BEGIN
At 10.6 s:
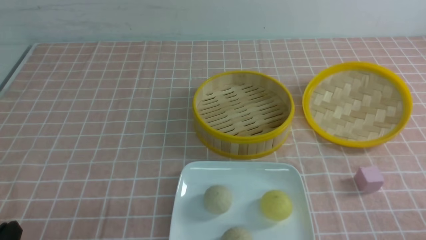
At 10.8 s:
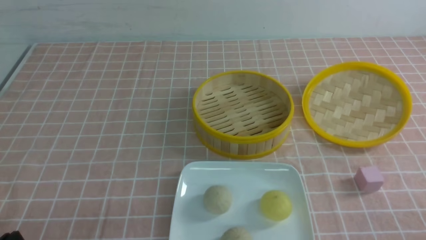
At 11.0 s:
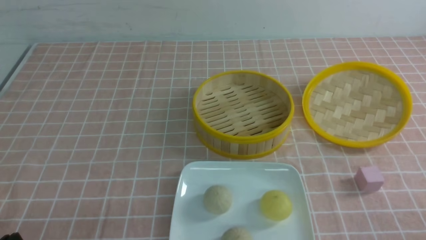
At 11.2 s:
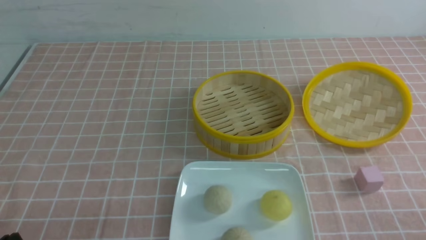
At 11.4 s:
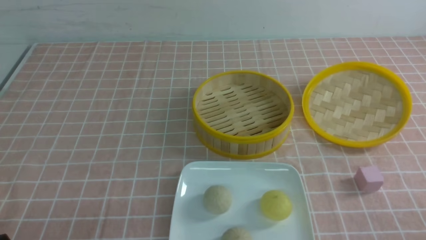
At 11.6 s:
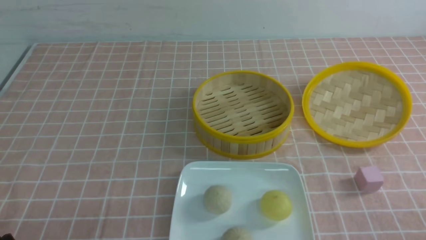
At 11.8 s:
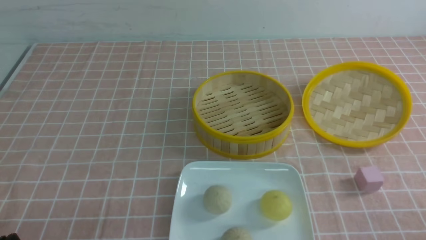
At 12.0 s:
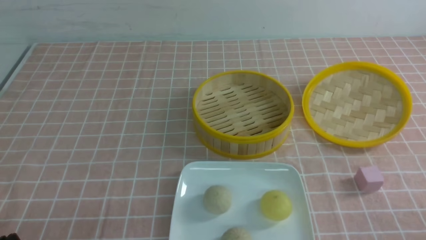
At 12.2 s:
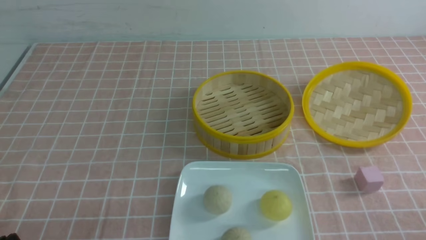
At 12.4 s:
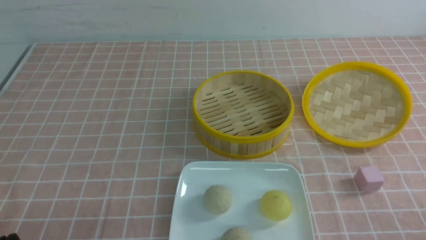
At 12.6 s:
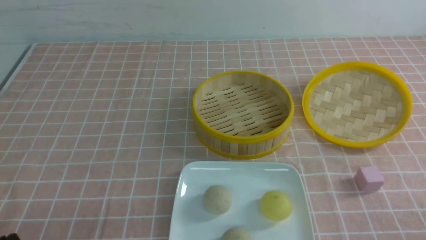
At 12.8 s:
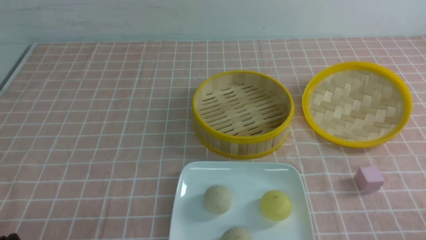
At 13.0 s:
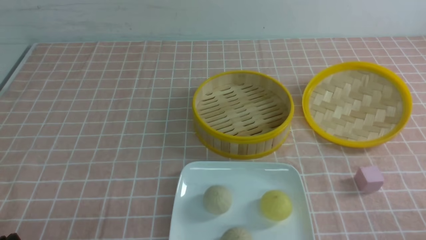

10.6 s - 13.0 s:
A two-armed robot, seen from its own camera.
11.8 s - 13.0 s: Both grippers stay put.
END
### What the task asks:
The result should be an exact copy of the material, containing no pictures.

### Exercise output:
At 10.6 s:
At 10.8 s:
At 11.0 s:
At 11.2 s:
At 11.4 s:
At 11.6 s:
At 11.8 s:
At 12.0 s:
At 12.2 s:
At 12.4 s:
At 12.6 s:
At 12.8 s:
At 13.0 s:

10.6 s - 13.0 s:
A two-armed robot, seen from its own camera.
11.8 s - 13.0 s: Both grippers stay put.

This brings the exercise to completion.